### Source data
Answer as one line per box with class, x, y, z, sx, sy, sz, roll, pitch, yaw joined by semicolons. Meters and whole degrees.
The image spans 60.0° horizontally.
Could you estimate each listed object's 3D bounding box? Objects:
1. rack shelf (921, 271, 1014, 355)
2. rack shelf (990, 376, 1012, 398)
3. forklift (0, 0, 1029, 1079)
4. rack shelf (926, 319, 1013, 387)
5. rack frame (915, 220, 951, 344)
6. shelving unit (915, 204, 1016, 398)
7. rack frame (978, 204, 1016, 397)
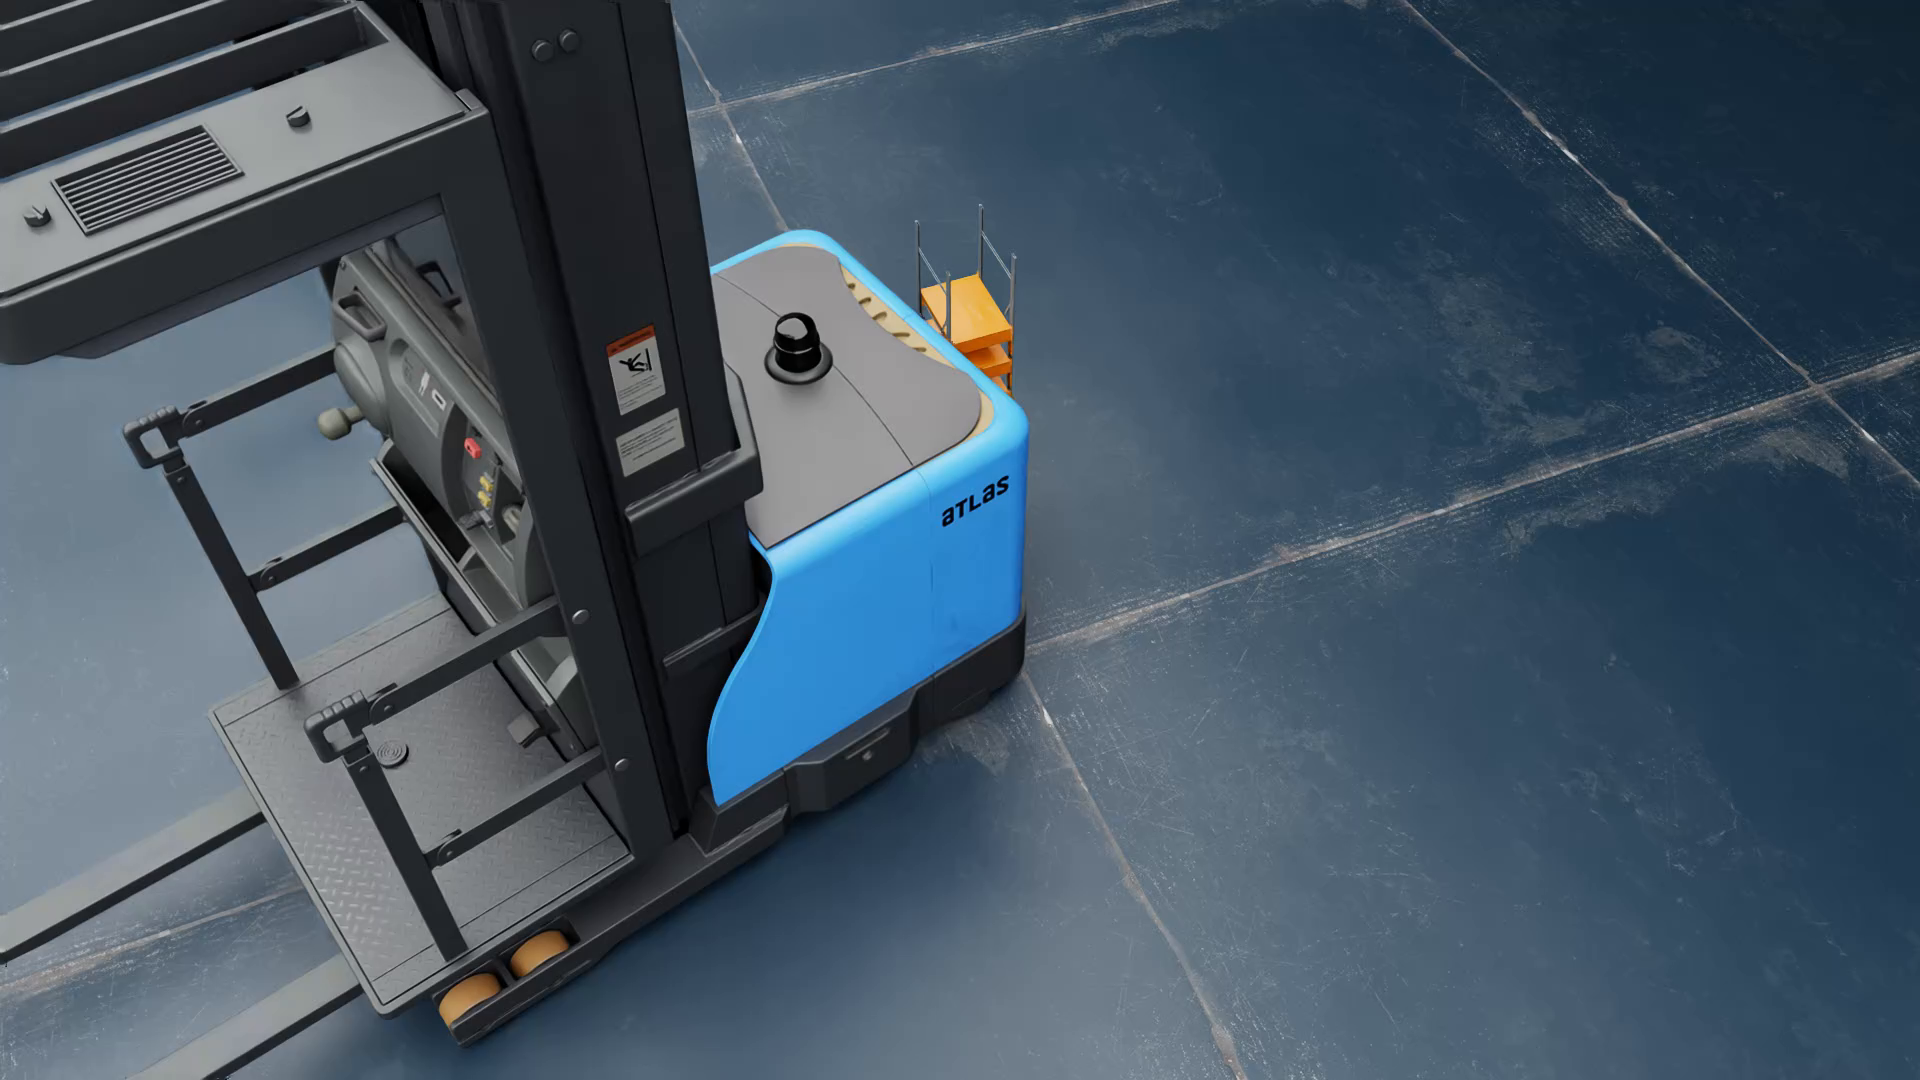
rack shelf;0.013;-0.601;4.559;0.180;0.103;0.258;-17;52;-14
rack shelf;0.013;-0.444;4.741;0.180;0.103;0.258;-17;52;-14
forklift;-1.290;-0.168;3.462;3.031;2.935;1.130;-30;56;-23
rack shelf;0.013;-0.522;4.650;0.180;0.103;0.258;-17;52;-14
rack frame;-0.071;-0.369;4.776;0.006;1.200;0.240;-17;52;-14
shelving unit;0.013;-0.395;4.798;0.189;1.200;0.258;-17;52;-14
rack frame;0.098;-0.421;4.821;0.006;1.200;0.240;-17;52;-14
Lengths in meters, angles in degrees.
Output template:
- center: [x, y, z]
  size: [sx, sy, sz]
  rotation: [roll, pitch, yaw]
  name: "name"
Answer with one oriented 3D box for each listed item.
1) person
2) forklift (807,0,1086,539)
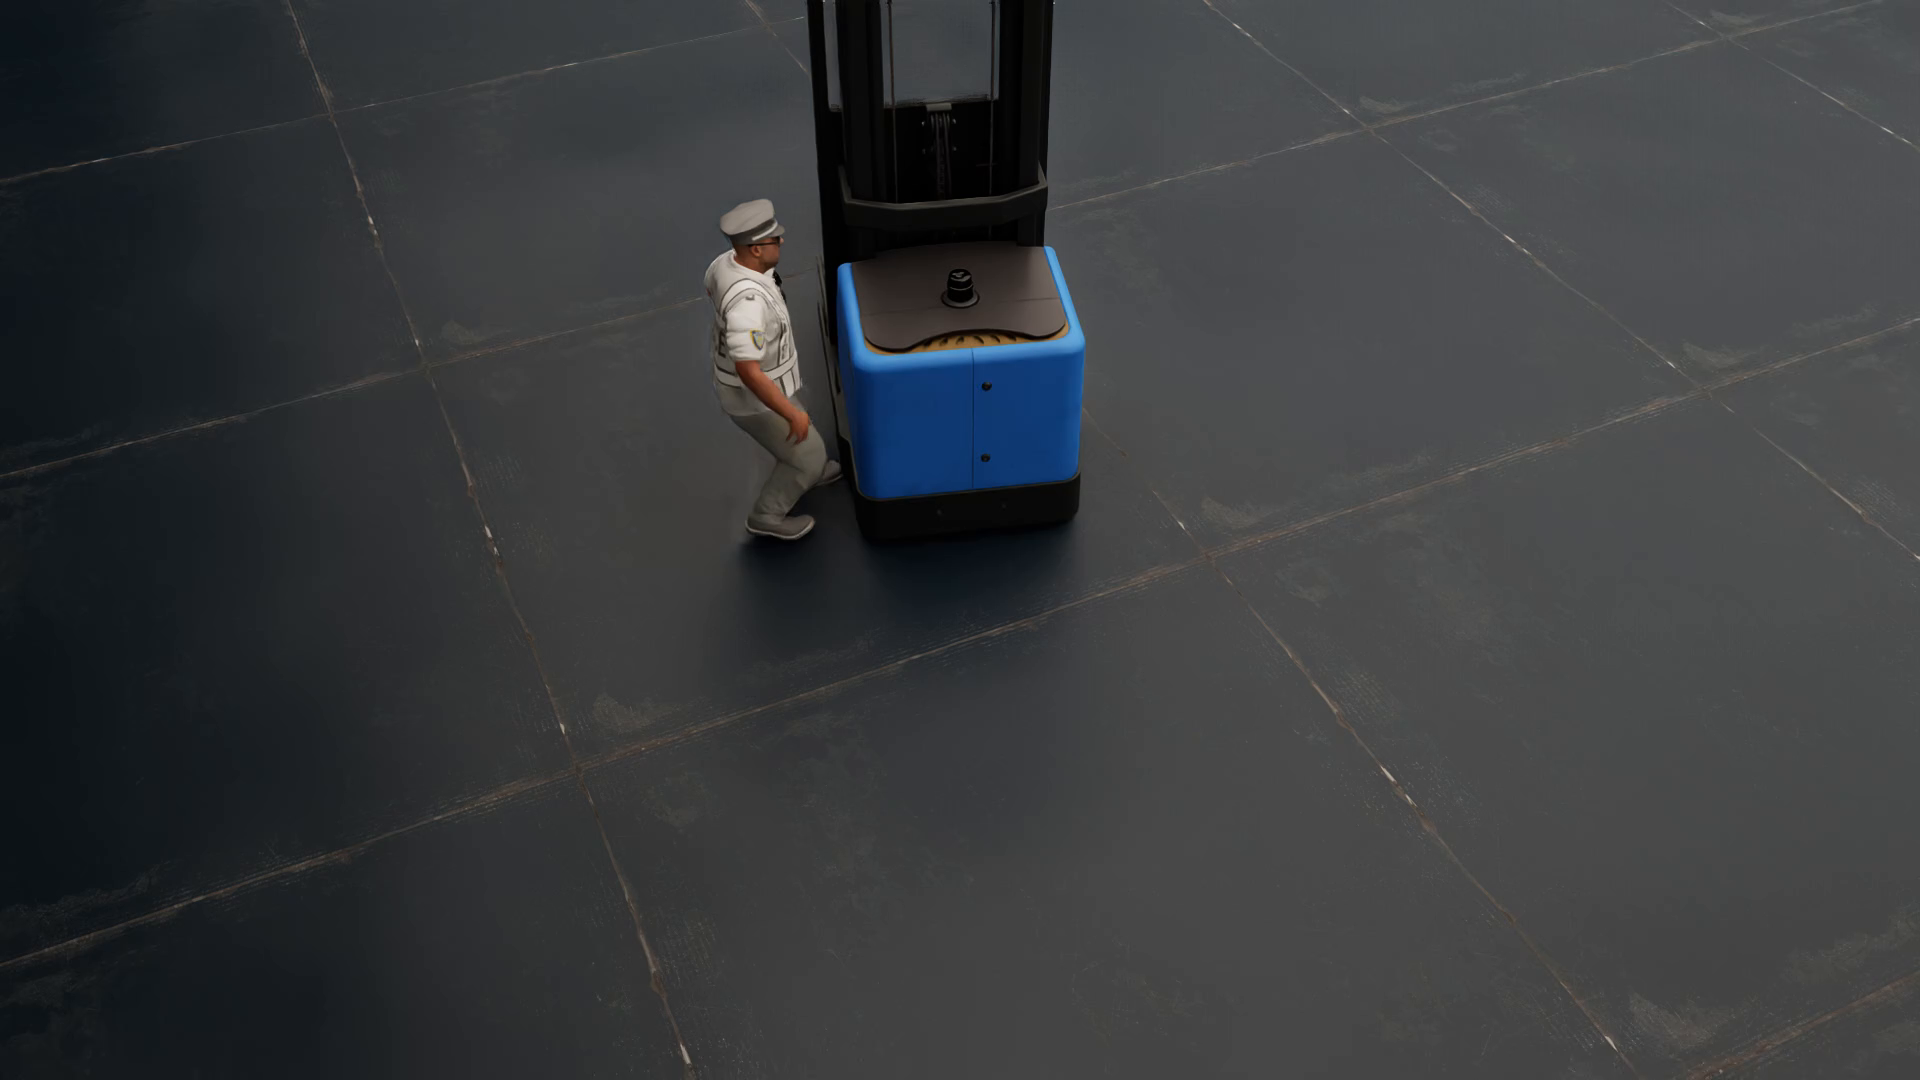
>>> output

### Task objective
Copy the entries above exactly, but only from the line holding "3. forklift (0, 0, 1029, 1079)" through the line holding "6. shelving unit (915, 204, 1016, 398)", both included.

### Output of the task
3. forklift (0, 0, 1029, 1079)
4. rack shelf (926, 319, 1013, 387)
5. rack frame (915, 220, 951, 344)
6. shelving unit (915, 204, 1016, 398)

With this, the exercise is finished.